Sur la rive droite de l’Arno, se trouvait un hôtel élégant, aux côtés d'autres. De part et d’autre de celui-ci s’étendait le quai et ses bâtiments tout aussi raffinés. [...] Toute cette partie du quai où se trouvait l’hôtel, paraissait toujours apprêtée, mobilisée dans l’attente d’invités. Elle ne vivait pas sa propre vie, n’était pas seulement une partie de Florence, elle était un havre de paix pour toutes les nations européennes possibles. [...] D’autant plus froide et sombre se détachait au loin la rive gauche de l’Arno. Les eaux jaunes du fleuve, par endroits, baignaient jusqu’aux murs des maisons, les contaminant avec leur humidité et leurs exhalaisons nocives.
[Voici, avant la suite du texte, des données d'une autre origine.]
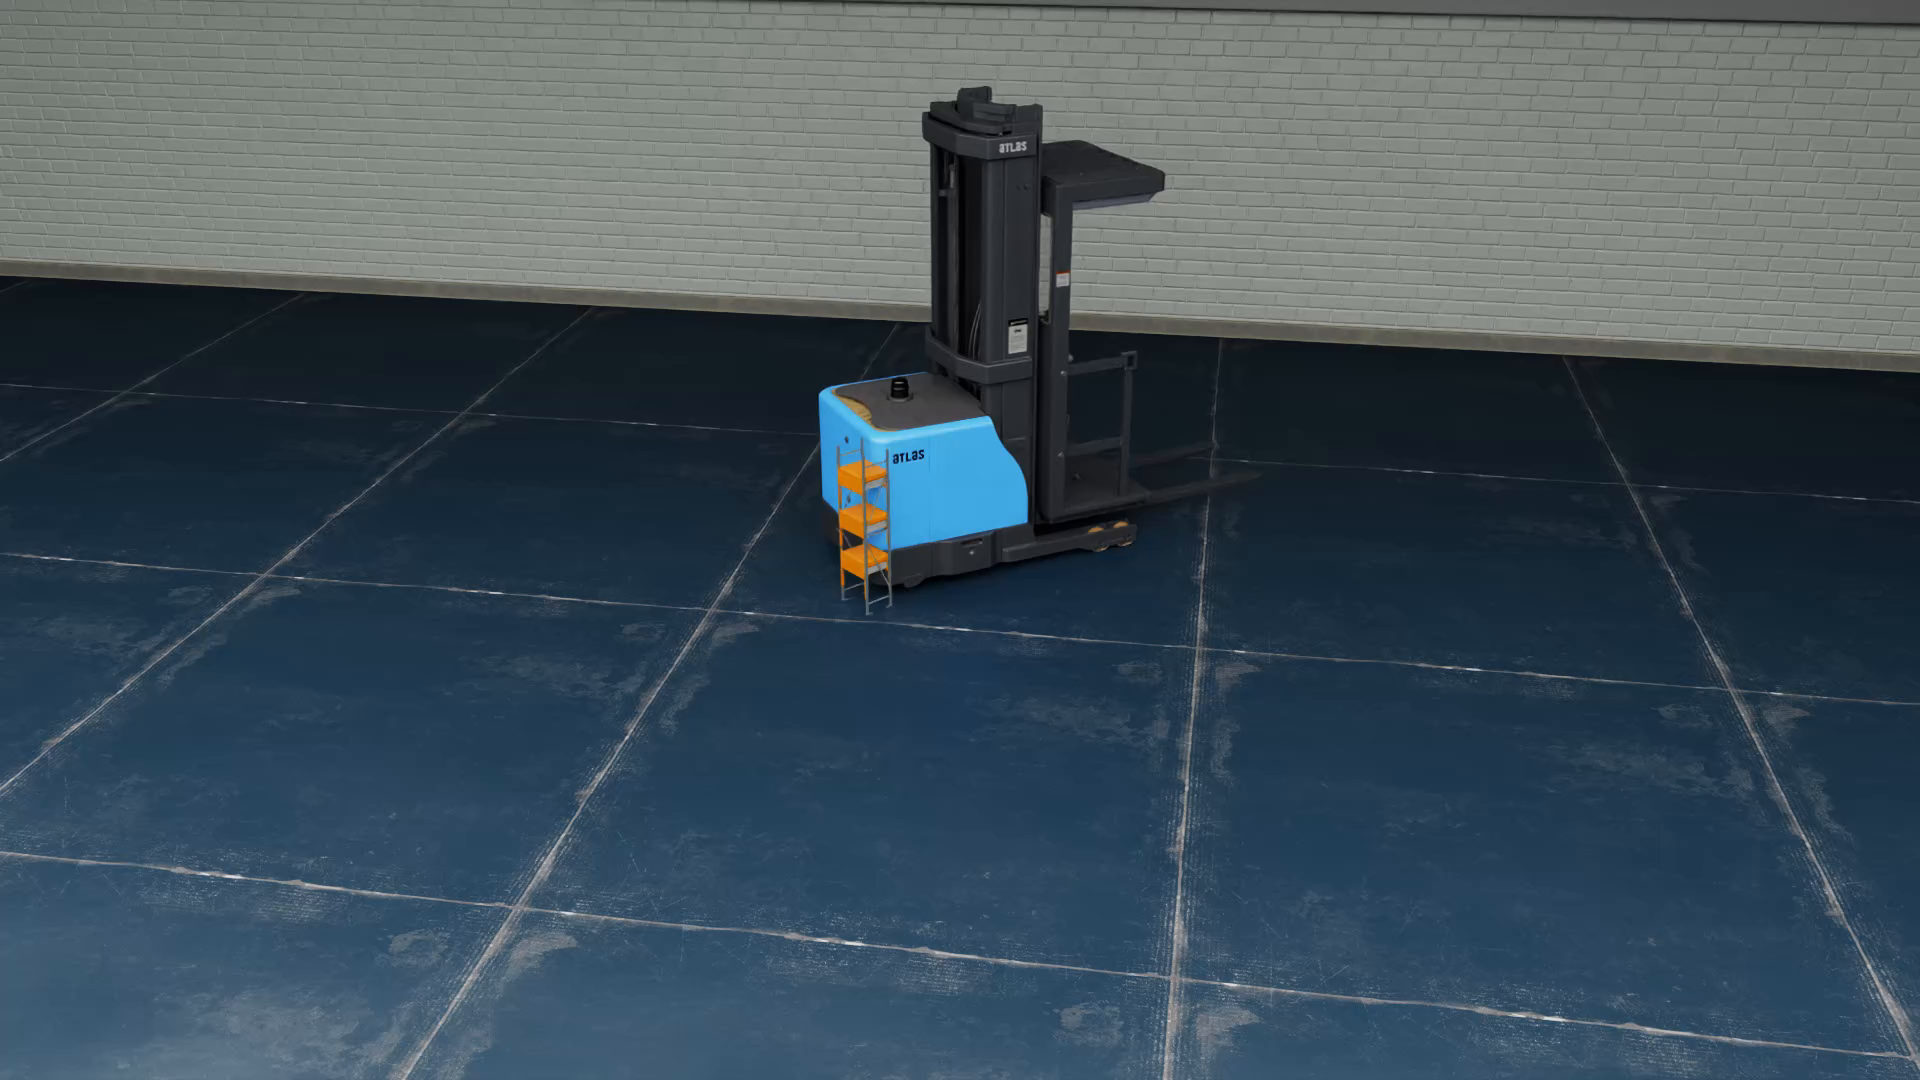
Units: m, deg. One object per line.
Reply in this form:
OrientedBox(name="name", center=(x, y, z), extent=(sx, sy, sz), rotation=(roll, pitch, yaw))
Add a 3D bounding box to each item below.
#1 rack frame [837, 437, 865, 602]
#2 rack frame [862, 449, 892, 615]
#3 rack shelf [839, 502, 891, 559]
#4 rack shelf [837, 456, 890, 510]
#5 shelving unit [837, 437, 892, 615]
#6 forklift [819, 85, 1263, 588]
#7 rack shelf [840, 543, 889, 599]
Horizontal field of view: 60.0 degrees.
OrientedBox(name="rack frame", center=(-0.664, -0.119, 10.266), extent=(0.200, 1.050, 0.008), rotation=(-20, 32, -37))
OrientedBox(name="rack frame", center=(-0.503, -0.041, 10.100), extent=(0.200, 1.050, 0.008), rotation=(-20, 32, -37))
OrientedBox(name="rack shelf", center=(-0.584, -0.070, 10.187), extent=(0.215, 0.259, 0.240), rotation=(-20, 32, -37))
OrientedBox(name="rack shelf", center=(-0.584, -0.328, 10.067), extent=(0.215, 0.259, 0.240), rotation=(-20, 32, -37))
OrientedBox(name="shelving unit", center=(-0.584, -0.080, 10.183), extent=(0.215, 1.050, 0.252), rotation=(-20, 32, -37))
OrientedBox(name="forklift", center=(0.625, -1.436, 10.860), extent=(3.031, 2.935, 1.130), rotation=(-11, 27, -23))
OrientedBox(name="rack shelf", center=(-0.584, 0.181, 10.305), extent=(0.215, 0.259, 0.240), rotation=(-20, 32, -37))

A certains endroits, se dressaient les cheminées noires de suie des usines, une brise légère apportait par moments jusqu’à la rive droite une odeur de fumées, de pourriture, de logement humain crasseux... На правом берегу Арно стоял в ряду с другими элегантный отель. По обе стороны от него тянулась набережная, застроенная такими же нарядными домами. […] Вся часть набережной, где стоял отель, казалась всегда принаряженной и настороже в ожидании гостей. Она не жила своей жизнью, не была просто частью Флоренции, она была пристанищем всевозможных европейских наций. [...] Тем холоднее и мрачнее выступал вдали левый берег Арно. Желтые воды реки местами омывали самые стены домов, заражая их сыростью и вредными испарениями. Кое-где возвышались закоптелые фабричные трубы, легкий ветерок порою доносил до правого берега запах гари, гнили, грязного людского жилья...151

Ces premières nouvelles de Zinovieva-Annibal sont tout à fait symptomatiques du malaise de la jeunesse russe de la fin du XIXe siècle, pour

laquelle les repères auparavant stables ont perdu leur évidence et qui se pose de manière obsédante la question du sens de la vie.